ContextQMD
Back to Kustomize

Generating Secrets

site/content/en/docs/Tasks/secret_generator.md

3.3.13.4 KB
Original Source

Secret objects can be generated by adding a secretGenerator entry to the kustomization.yaml file. This is similar to the configMapGenerator. Secret Resources may be generated from files and literals. It is important to note that the secrets are base64 encoded.

Create Secret from a file

To generate a Secret Resource from a file, add an entry to secretGenerator with the filename.

The Secret will have data values populated from the file contents. The contents of each file will appear as a single data item in the Secret keyed by the filename.

The following example generates a Secret with a data item containing the contents of a file.

  1. Create a Kustomization file.
yaml
# kustomization.yaml
apiVersion: kustomize.config.k8s.io/v1beta1
kind: Kustomization
secretGenerator:
- name: db-user-pass
  files:
  - credentials.txt
  1. Create a credentials.txt file.
yaml
# credentials.txt
username=admin
password=S!B\*d$zDsb=
  1. Create the Secret using kustomize build.
bash
kustomize build .

The Secret manifest is generated.

yaml
apiVersion: v1
kind: Secret
type: Opaque
metadata:
  name: db-user-pass-gf9bgh225c
data:
  credentials.txt: dXNlcm5hbWU9YWRtaW4KcGFzc3dvcmQ9UyFCXCpkJHpEc2I9Cg==

The credentials key value is base64 encoded.

bash
echo "dXNlcm5hbWU9YWRtaW4KcGFzc3dvcmQ9UyFCXCpkJHpEc2I9Cg==" | base64 -d
username=admin
password=S!B\*d$zDsb=

Create Secret from literals

To generate a Secret Resource from literal key-value pairs, add an entry to secretGenerator with a list of literals.
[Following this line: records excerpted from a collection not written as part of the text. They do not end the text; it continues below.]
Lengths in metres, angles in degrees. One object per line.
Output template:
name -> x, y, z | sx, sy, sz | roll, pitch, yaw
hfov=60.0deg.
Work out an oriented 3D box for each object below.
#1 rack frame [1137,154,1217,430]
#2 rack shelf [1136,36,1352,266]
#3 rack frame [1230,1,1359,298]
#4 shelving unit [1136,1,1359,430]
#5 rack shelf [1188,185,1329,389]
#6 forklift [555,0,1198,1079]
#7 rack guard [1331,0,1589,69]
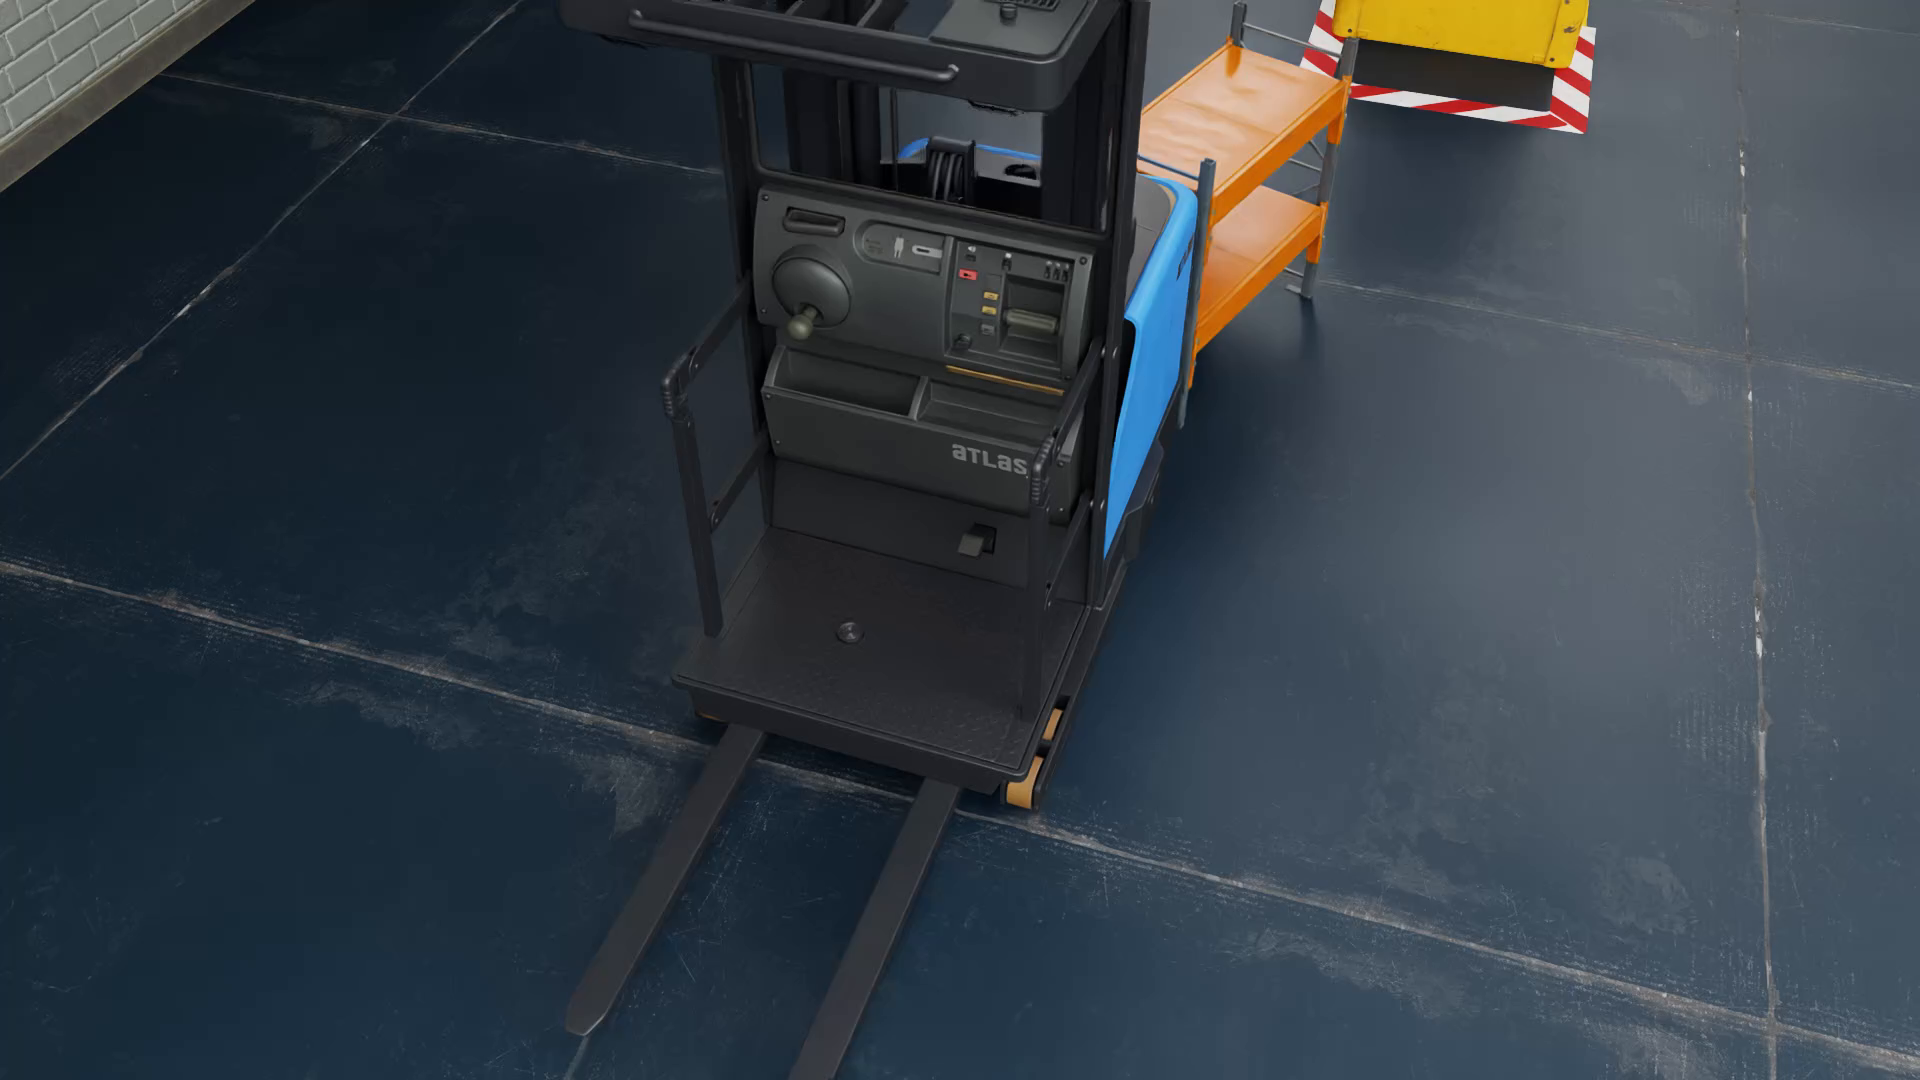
rack frame -> 0.624, -0.924, 5.890 | 0.500, 1.125, 0.032 | 27, 51, 25
rack shelf -> 0.926, -1.419, 5.977 | 0.538, 0.278, 1.000 | 27, 51, 25
rack frame -> 1.228, -1.496, 6.474 | 0.500, 1.125, 0.032 | 27, 51, 25
shelving unit -> 0.926, -1.210, 6.182 | 0.538, 1.125, 1.048 | 27, 51, 25
rack shelf -> 0.926, -1.035, 6.353 | 0.538, 0.278, 1.000 | 27, 51, 25
forklift -> -0.179, -0.580, 4.247 | 1.130, 2.935, 3.031 | 14, 46, 14
rack guard -> 2.461, -2.700, 8.152 | 1.175, 0.500, 0.348 | 13, 46, 13

{{< alert color="success" title="Literal Syntax" >}}

  • The key/value are separated by a = sign (left side is the key).
  • The value of each literal will appear as a data item in the Secret keyed by its key. {{< /alert >}}

The following example generates a Secret with two data items generated from literals.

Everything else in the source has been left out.